[Required work]:
Return all the lines below exactly as written. Drop every picture.

━━ Data ━━

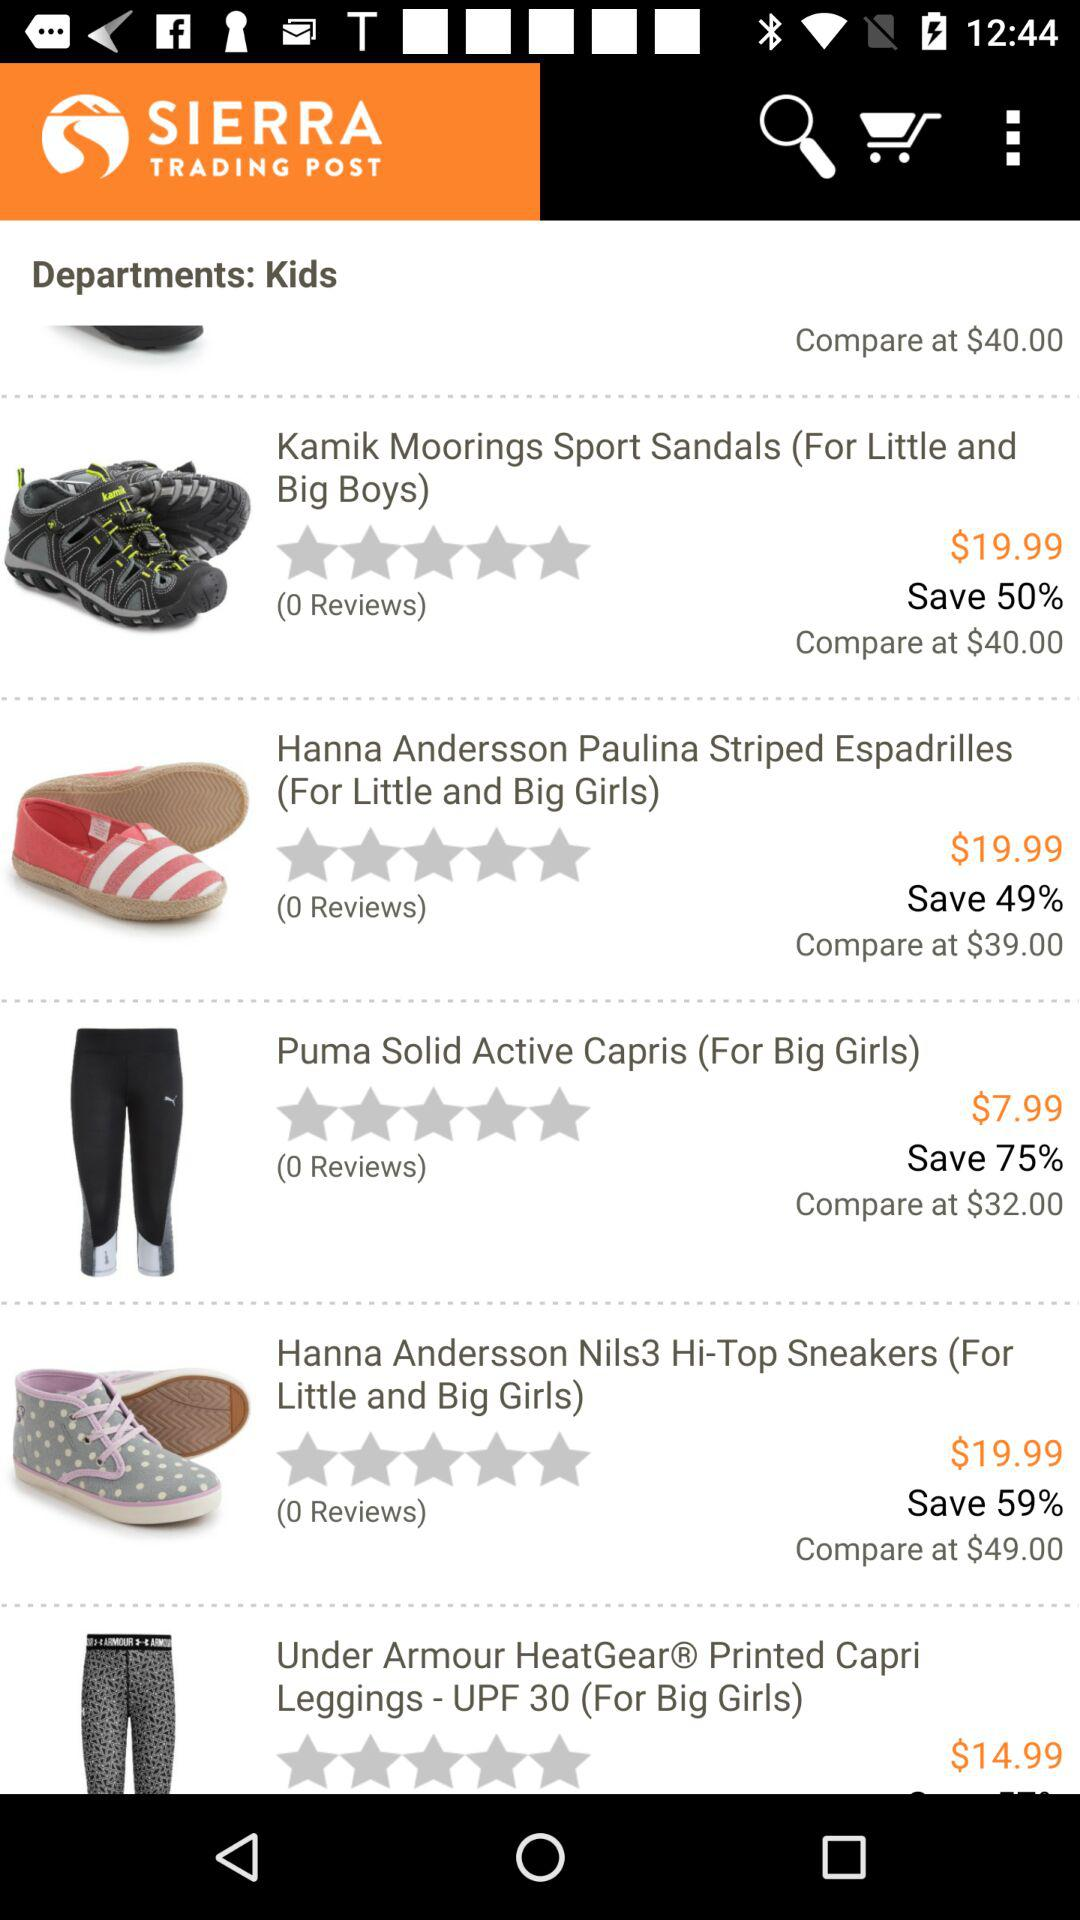What is the department? The department is "Kids". 
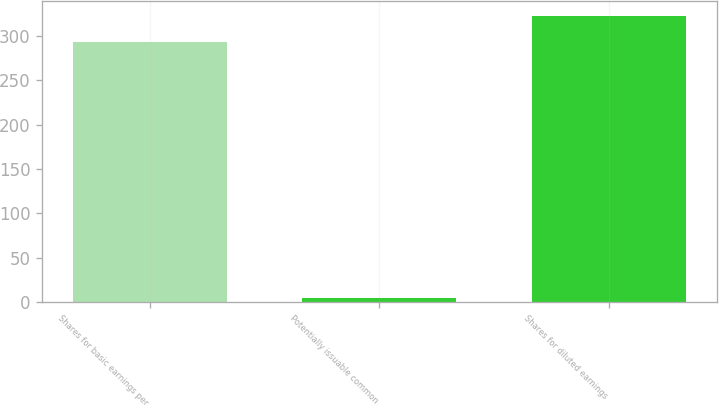Convert chart. <chart><loc_0><loc_0><loc_500><loc_500><bar_chart><fcel>Shares for basic earnings per<fcel>Potentially issuable common<fcel>Shares for diluted earnings<nl><fcel>293.4<fcel>4.7<fcel>322.74<nl></chart> 
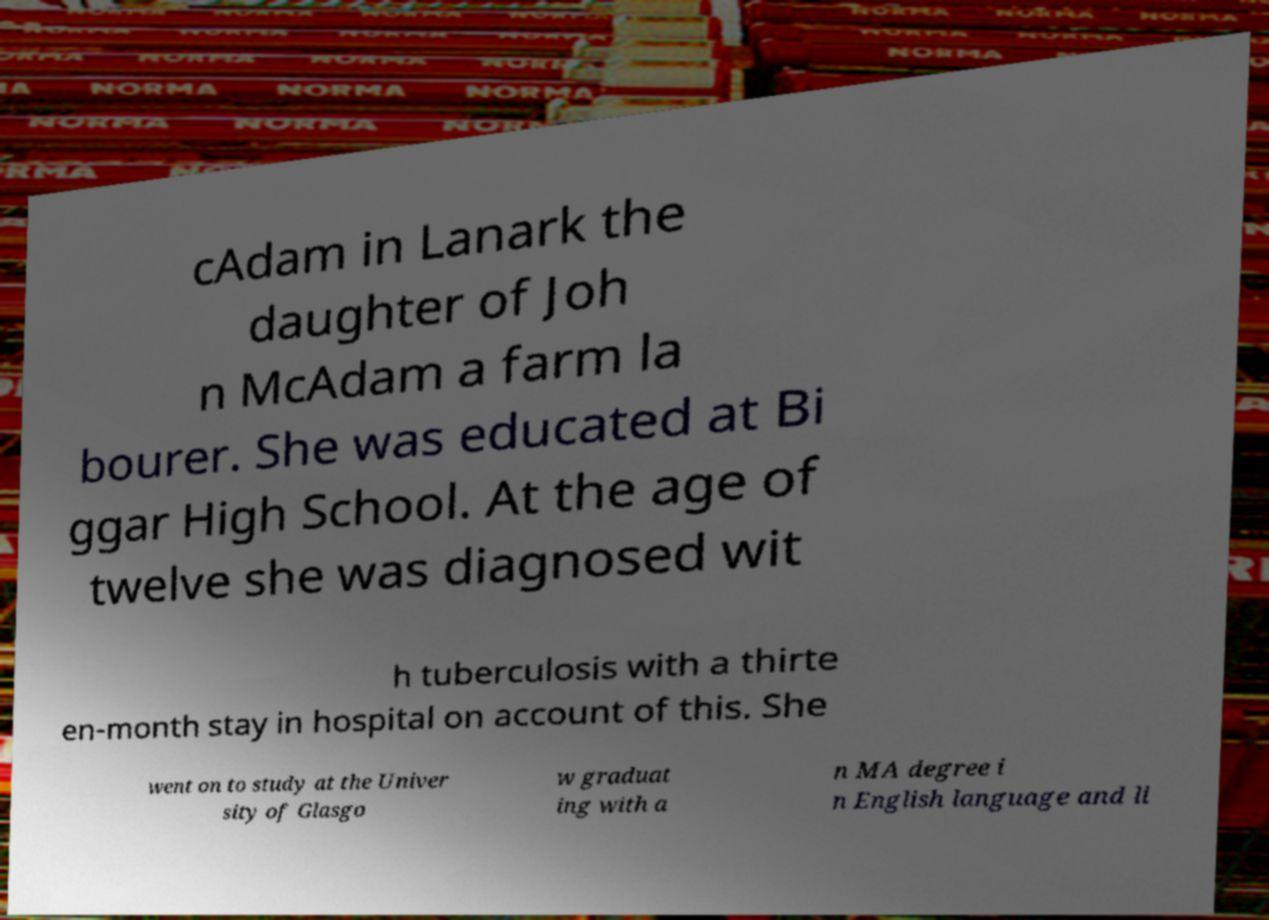Can you read and provide the text displayed in the image?This photo seems to have some interesting text. Can you extract and type it out for me? cAdam in Lanark the daughter of Joh n McAdam a farm la bourer. She was educated at Bi ggar High School. At the age of twelve she was diagnosed wit h tuberculosis with a thirte en-month stay in hospital on account of this. She went on to study at the Univer sity of Glasgo w graduat ing with a n MA degree i n English language and li 
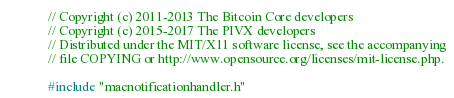<code> <loc_0><loc_0><loc_500><loc_500><_ObjectiveC_>// Copyright (c) 2011-2013 The Bitcoin Core developers
// Copyright (c) 2015-2017 The PIVX developers
// Distributed under the MIT/X11 software license, see the accompanying
// file COPYING or http://www.opensource.org/licenses/mit-license.php.

#include "macnotificationhandler.h"
</code> 
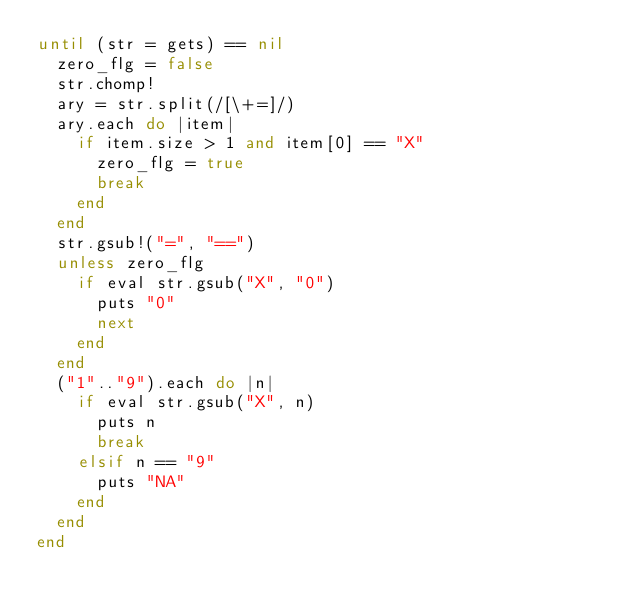<code> <loc_0><loc_0><loc_500><loc_500><_Ruby_>until (str = gets) == nil
  zero_flg = false
  str.chomp!
  ary = str.split(/[\+=]/)
  ary.each do |item|
    if item.size > 1 and item[0] == "X"
      zero_flg = true
      break
    end
  end
  str.gsub!("=", "==")
  unless zero_flg
    if eval str.gsub("X", "0")
      puts "0"
      next
    end
  end
  ("1".."9").each do |n|
    if eval str.gsub("X", n)
      puts n
      break
    elsif n == "9"
      puts "NA"
    end
  end
end</code>

━━━

[Solved problem]:
What is the department? The department is "Kids". 
Convert chart. <chart><loc_0><loc_0><loc_500><loc_500><bar_chart><fcel>Shares for basic earnings per<fcel>Potentially issuable common<fcel>Shares for diluted earnings<nl><fcel>293.4<fcel>4.7<fcel>322.74<nl></chart> 
Can you read and provide the text displayed in the image?This photo seems to have some interesting text. Can you extract and type it out for me? cAdam in Lanark the daughter of Joh n McAdam a farm la bourer. She was educated at Bi ggar High School. At the age of twelve she was diagnosed wit h tuberculosis with a thirte en-month stay in hospital on account of this. She went on to study at the Univer sity of Glasgo w graduat ing with a n MA degree i n English language and li 
<code> <loc_0><loc_0><loc_500><loc_500><_ObjectiveC_>// Copyright (c) 2011-2013 The Bitcoin Core developers
// Copyright (c) 2015-2017 The PIVX developers
// Distributed under the MIT/X11 software license, see the accompanying
// file COPYING or http://www.opensource.org/licenses/mit-license.php.

#include "macnotificationhandler.h"
</code> 
<code> <loc_0><loc_0><loc_500><loc_500><_Ruby_>until (str = gets) == nil
  zero_flg = false
  str.chomp!
  ary = str.split(/[\+=]/)
  ary.each do |item|
    if item.size > 1 and item[0] == "X"
      zero_flg = true
      break
    end
  end
  str.gsub!("=", "==")
  unless zero_flg
    if eval str.gsub("X", "0")
      puts "0"
      next
    end
  end
  ("1".."9").each do |n|
    if eval str.gsub("X", n)
      puts n
      break
    elsif n == "9"
      puts "NA"
    end
  end
end</code>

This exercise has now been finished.